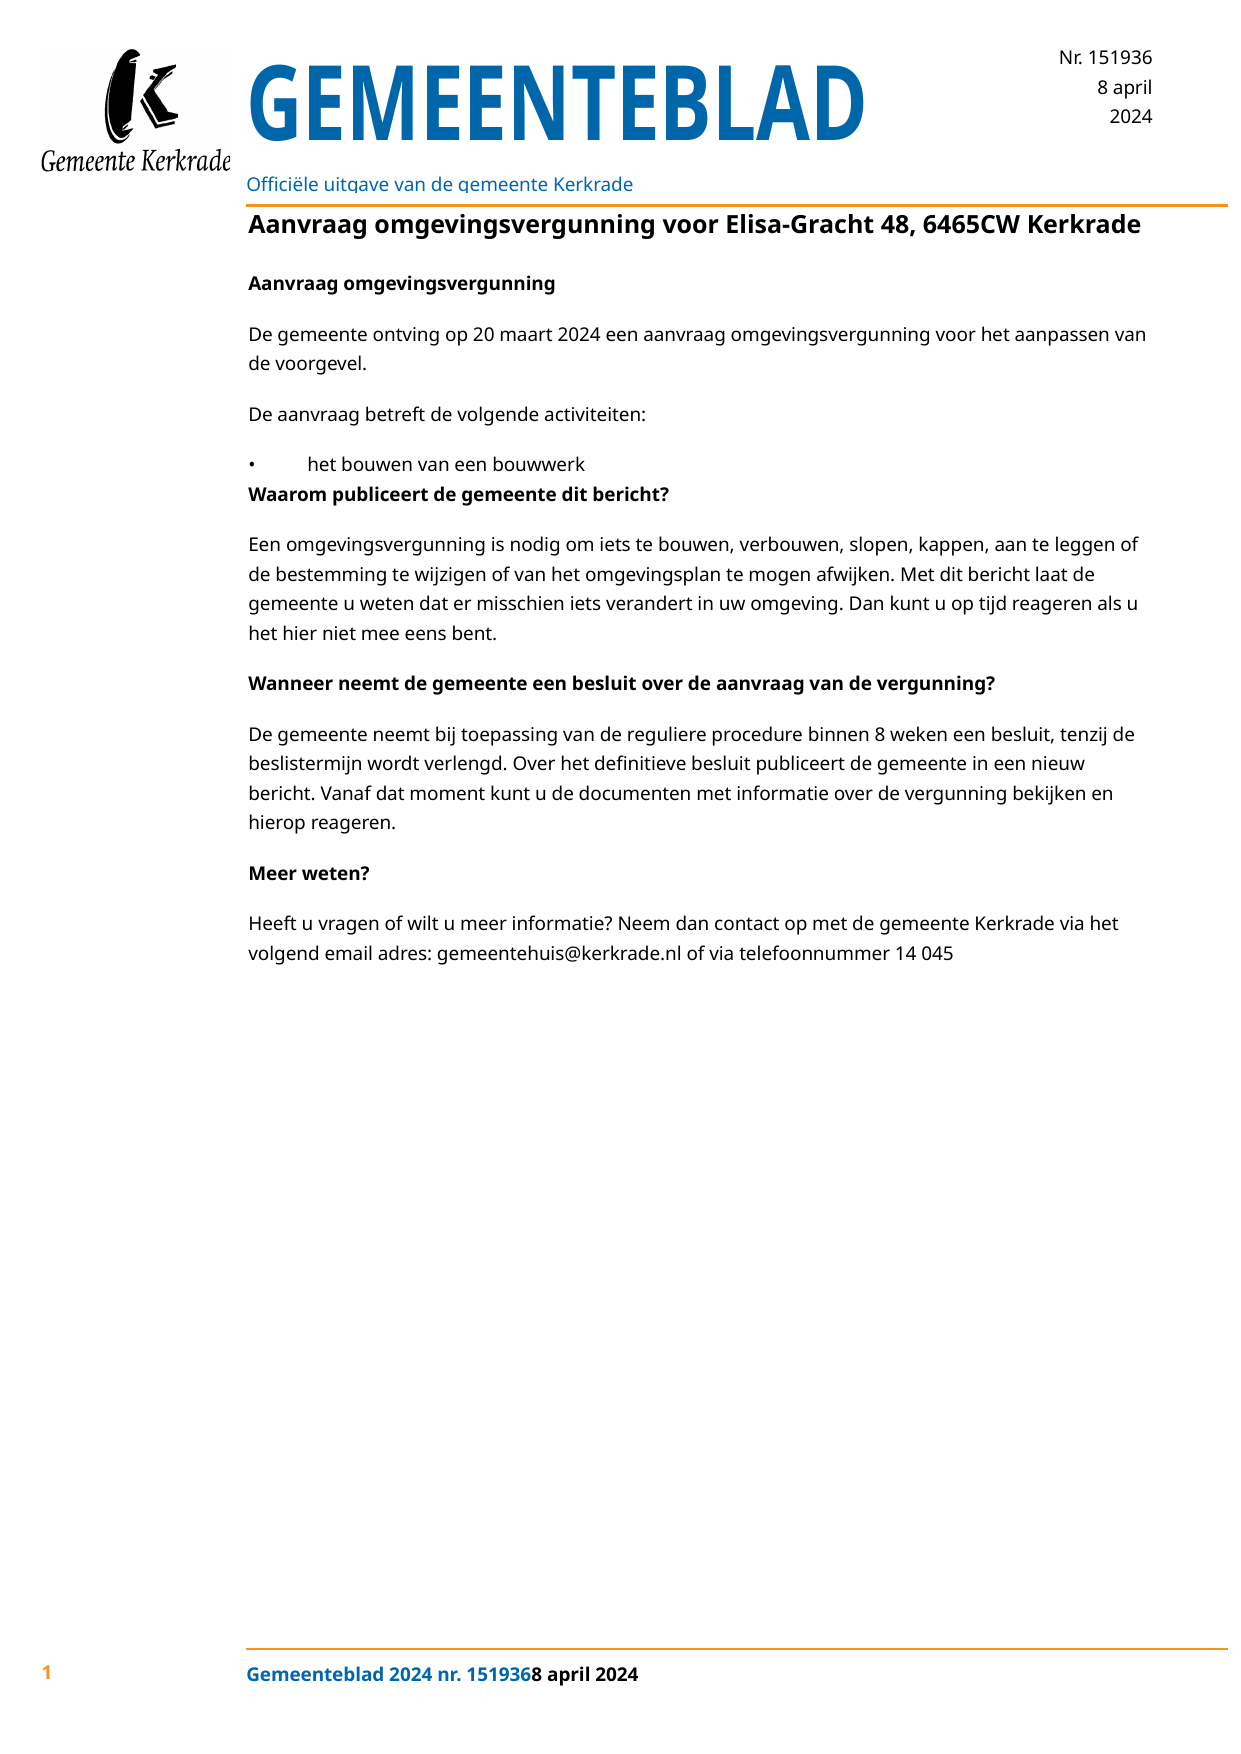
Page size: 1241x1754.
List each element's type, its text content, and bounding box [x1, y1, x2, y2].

text Aanvraag omgevingsvergunning voor Elisa-Gracht 48, 6465CW Kerkrade [248, 207, 1152, 241]
text Heeft u vragen of wilt u meer informatie? Neem dan contact op met de gemeente Kerkrade via het volgend email adres: gemeentehuis@kerkrade.nl of via telefoonnummer 14 045 [248, 910, 1152, 966]
text Aanvraag omgevingsvergunning [248, 270, 1152, 296]
text Wanneer neemt de gemeente een besluit over de aanvraag van de vergunning? [248, 670, 1152, 696]
text Waarom publiceert de gemeente dit bericht? [248, 481, 1152, 506]
list het bouwen van een bouwwerk [248, 451, 1152, 477]
picture [41, 47, 231, 172]
text De gemeente ontving op 20 maart 2024 een aanvraag omgevingsvergunning voor het aanpassen van de voorgevel. [248, 321, 1152, 376]
text Meer weten? [248, 860, 1152, 886]
text Een omgevingsvergunning is nodig om iets te bouwen, verbouwen, slopen, kappen, aan te leggen of de bestemming te wijzigen of van het omgevingsplan te mogen afwijken. Met dit bericht laat de gemeente u weten dat er misschien iets verandert in uw omgeving. Dan kunt u op tijd reageren als u het hier niet mee eens bent. [248, 531, 1152, 646]
text De aanvraag betreft de volgende activiteiten: [248, 401, 1152, 426]
text De gemeente neemt bij toepassing van de reguliere procedure binnen 8 weken een besluit, tenzij de beslistermijn wordt verlengd. Over het definitieve besluit publiceert de gemeente in een nieuw bericht. Vanaf dat moment kunt u de documenten met informatie over de vergunning bekijken en hierop reageren. [248, 721, 1152, 835]
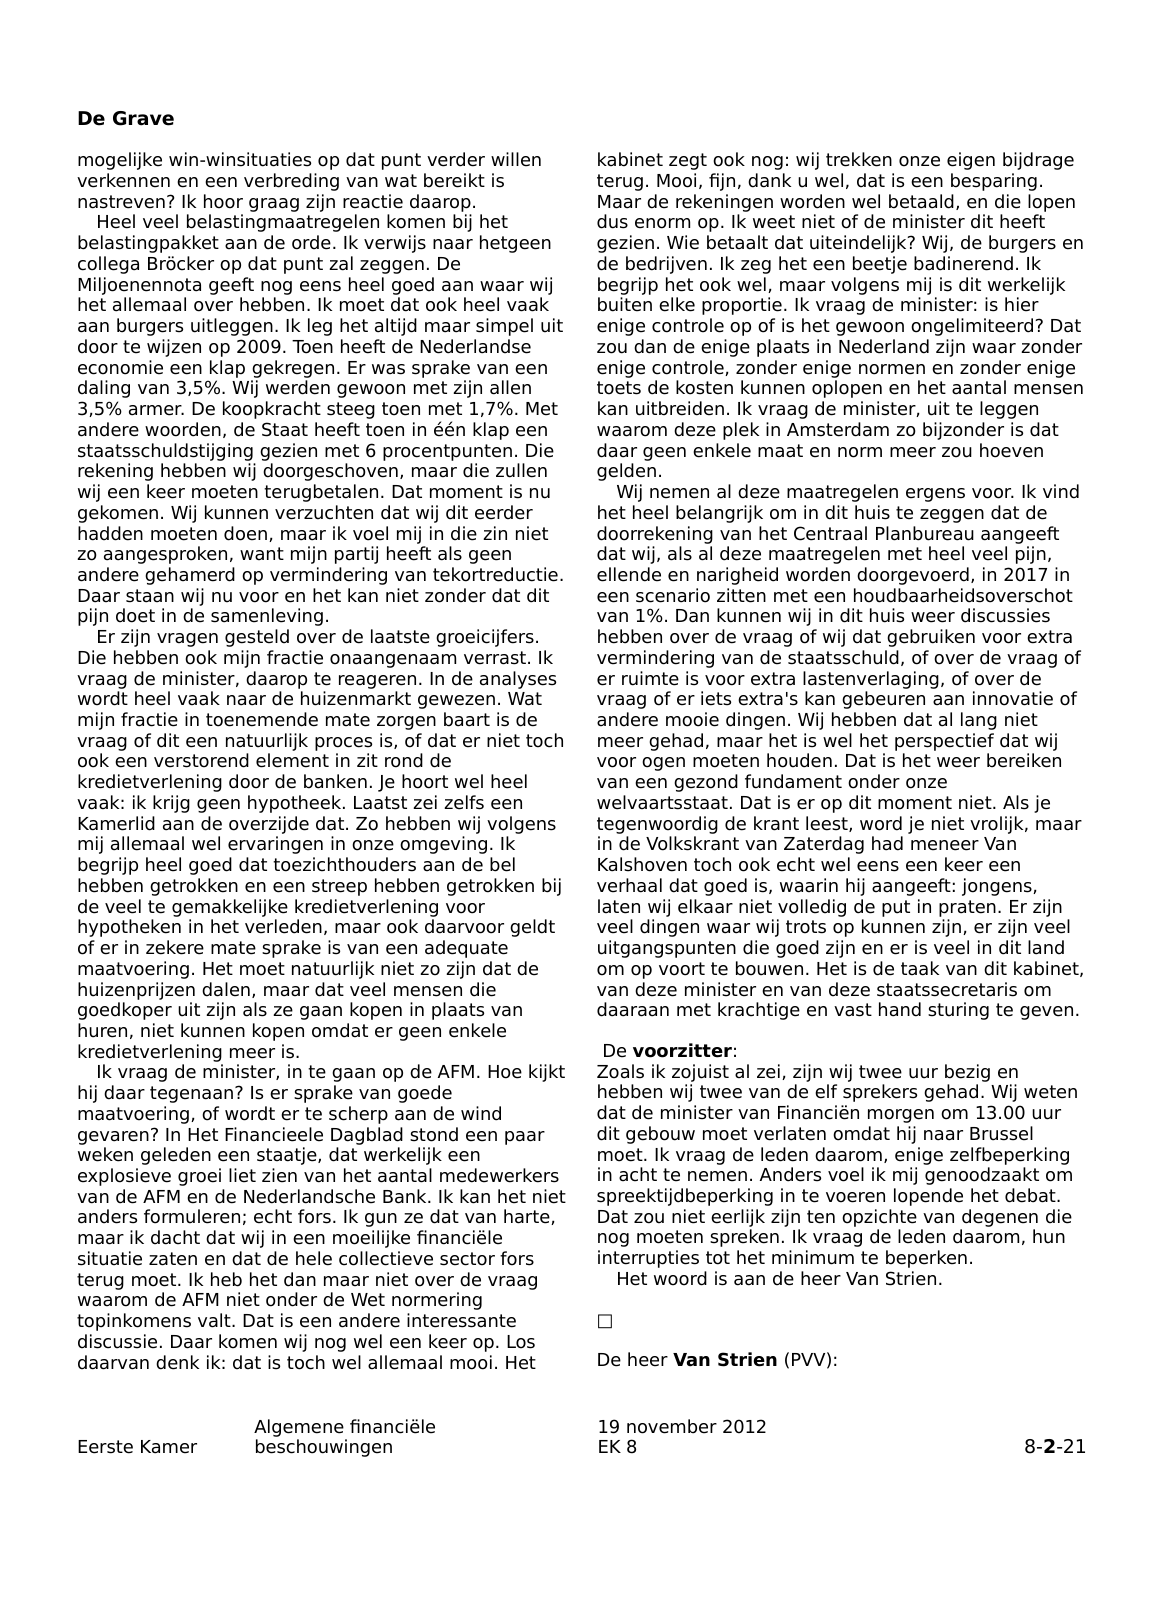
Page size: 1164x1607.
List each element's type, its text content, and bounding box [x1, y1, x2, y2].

text mogelijke win-winsituaties op dat punt verder willen verkennen en een verbreding van wat bereikt is nastreven? Ik hoor graag zijn reactie daarop. [77, 150, 567, 212]
text □ [596, 1309, 1087, 1330]
text De heer Van Strien (PVV): [596, 1350, 1087, 1371]
text Zoals ik zojuist al zei, zijn wij twee uur bezig en hebben wij twee van de elf sprekers gehad. Wij weten dat de minister van Financiën morgen om 13.00 uur dit gebouw moet verlaten omdat hij naar Brussel moet. Ik vraag de leden daarom, enige zelfbeperking in acht te nemen. Anders voel ik mij genoodzaakt om spreektijdbeperking in te voeren lopende het debat. Dat zou niet eerlijk zijn ten opzichte van degenen die nog moeten spreken. Ik vraag de leden daarom, hun interrupties tot het minimum te beperken. [596, 1062, 1087, 1269]
text Er zijn vragen gesteld over de laatste groeicijfers. Die hebben ook mijn fractie onaangenaam verrast. Ik vraag de minister, daarop te reageren. In de analyses wordt heel vaak naar de huizenmarkt gewezen. Wat mijn fractie in toenemende mate zorgen baart is de vraag of dit een natuurlijk proces is, of dat er niet toch ook een verstorend element in zit rond de kredietverlening door de banken. Je hoort wel heel vaak: ik krijg geen hypotheek. Laatst zei zelfs een Kamerlid aan de overzijde dat. Zo hebben wij volgens mij allemaal wel ervaringen in onze omgeving. Ik begrijp heel goed dat toezichthouders aan de bel hebben getrokken en een streep hebben getrokken bij de veel te gemakkelijke kredietverlening voor hypotheken in het verleden, maar ook daarvoor geldt of er in zekere mate sprake is van een adequate maatvoering. Het moet natuurlijk niet zo zijn dat de huizenprijzen dalen, maar dat veel mensen die goedkoper uit zijn als ze gaan kopen in plaats van huren, niet kunnen kopen omdat er geen enkele kredietverlening meer is. [77, 627, 567, 1062]
text De voorzitter: [596, 1041, 1087, 1062]
text Wij nemen al deze maatregelen ergens voor. Ik vind het heel belangrijk om in dit huis te zeggen dat de doorrekening van het Centraal Planbureau aangeeft dat wij, als al deze maatregelen met heel veel pijn, ellende en narigheid worden doorgevoerd, in 2017 in een scenario zitten met een houdbaarheidsoverschot van 1%. Dan kunnen wij in dit huis weer discussies hebben over de vraag of wij dat gebruiken voor extra vermindering van de staatsschuld, of over de vraag of er ruimte is voor extra lastenverlaging, of over de vraag of er iets extra's kan gebeuren aan innovatie of andere mooie dingen. Wij hebben dat al lang niet meer gehad, maar het is wel het perspectief dat wij voor ogen moeten houden. Dat is het weer bereiken van een gezond fundament onder onze welvaartsstaat. Dat is er op dit moment niet. Als je tegenwoordig de krant leest, word je niet vrolijk, maar in de Volkskrant van Zaterdag had meneer Van Kalshoven toch ook echt wel eens een keer een verhaal dat goed is, waarin hij aangeeft: jongens, laten wij elkaar niet volledig de put in praten. Er zijn veel dingen waar wij trots op kunnen zijn, er zijn veel uitgangspunten die goed zijn en er is veel in dit land om op voort te bouwen. Het is de taak van dit kabinet, van deze minister en van deze staatssecretaris om daaraan met krachtige en vast hand sturing te geven. [596, 482, 1087, 1021]
text Heel veel belastingmaatregelen komen bij het belastingpakket aan de orde. Ik verwijs naar hetgeen collega Bröcker op dat punt zal zeggen. De Miljoenennota geeft nog eens heel goed aan waar wij het allemaal over hebben. Ik moet dat ook heel vaak aan burgers uitleggen. Ik leg het altijd maar simpel uit door te wijzen op 2009. Toen heeft de Nederlandse economie een klap gekregen. Er was sprake van een daling van 3,5%. Wij werden gewoon met zijn allen 3,5% armer. De koopkracht steeg toen met 1,7%. Met andere woorden, de Staat heeft toen in één klap een staatsschuldstijging gezien met 6 procentpunten. Die rekening hebben wij doorgeschoven, maar die zullen wij een keer moeten terugbetalen. Dat moment is nu gekomen. Wij kunnen verzuchten dat wij dit eerder hadden moeten doen, maar ik voel mij in die zin niet zo aangesproken, want mijn partij heeft als geen andere gehamerd op vermindering van tekortreductie. Daar staan wij nu voor en het kan niet zonder dat dit pijn doet in de samenleving. [77, 212, 567, 627]
text kabinet zegt ook nog: wij trekken onze eigen bijdrage terug. Mooi, fijn, dank u wel, dat is een besparing. Maar de rekeningen worden wel betaald, en die lopen dus enorm op. Ik weet niet of de minister dit heeft gezien. Wie betaalt dat uiteindelijk? Wij, de burgers en de bedrijven. Ik zeg het een beetje badinerend. Ik begrijp het ook wel, maar volgens mij is dit werkelijk buiten elke proportie. Ik vraag de minister: is hier enige controle op of is het gewoon ongelimiteerd? Dat zou dan de enige plaats in Nederland zijn waar zonder enige controle, zonder enige normen en zonder enige toets de kosten kunnen oplopen en het aantal mensen kan uitbreiden. Ik vraag de minister, uit te leggen waarom deze plek in Amsterdam zo bijzonder is dat daar geen enkele maat en norm meer zou hoeven gelden. [596, 150, 1087, 482]
text Ik vraag de minister, in te gaan op de AFM. Hoe kijkt hij daar tegenaan? Is er sprake van goede maatvoering, of wordt er te scherp aan de wind gevaren? In Het Financieele Dagblad stond een paar weken geleden een staatje, dat werkelijk een explosieve groei liet zien van het aantal medewerkers van de AFM en de Nederlandsche Bank. Ik kan het niet anders formuleren; echt fors. Ik gun ze dat van harte, maar ik dacht dat wij in een moeilijke financiële situatie zaten en dat de hele collectieve sector fors terug moet. Ik heb het dan maar niet over de vraag waarom de AFM niet onder de Wet normering topinkomens valt. Dat is een andere interessante discussie. Daar komen wij nog wel een keer op. Los daarvan denk ik: dat is toch wel allemaal mooi. Het [77, 1062, 567, 1373]
text Het woord is aan de heer Van Strien. [596, 1269, 1087, 1289]
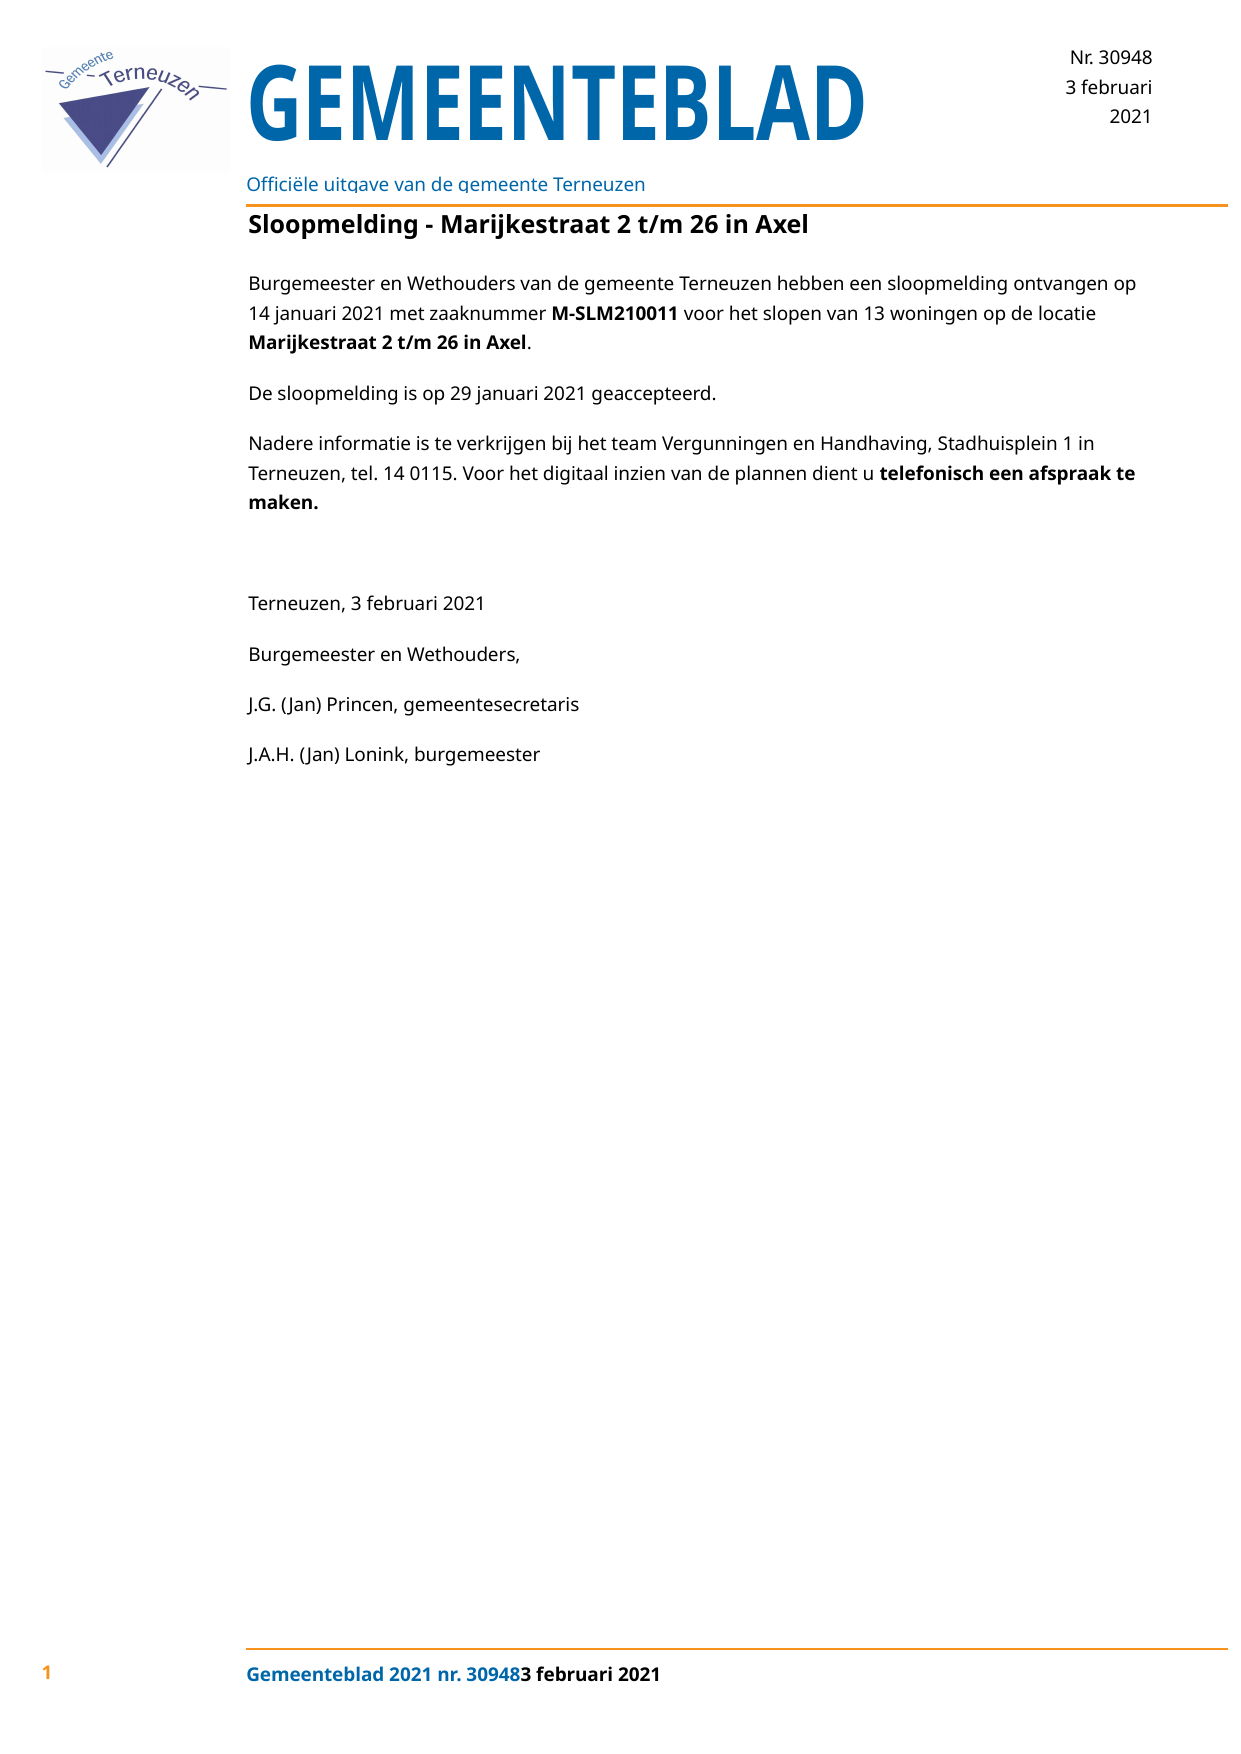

§ **What to do**
Reproduce every line above containing "neemt".

§ **Answer section**
text Wanneer neemt de gemeente een besluit over de aanvraag van de vergunning? [248, 670, 1152, 696]
text De gemeente neemt bij toepassing van de reguliere procedure binnen 8 weken een besluit, tenzij de beslistermijn wordt verlengd. Over het definitieve besluit publiceert de gemeente in een nieuw bericht. Vanaf dat moment kunt u de documenten met informatie over de vergunning bekijken en hierop reageren. [248, 721, 1152, 835]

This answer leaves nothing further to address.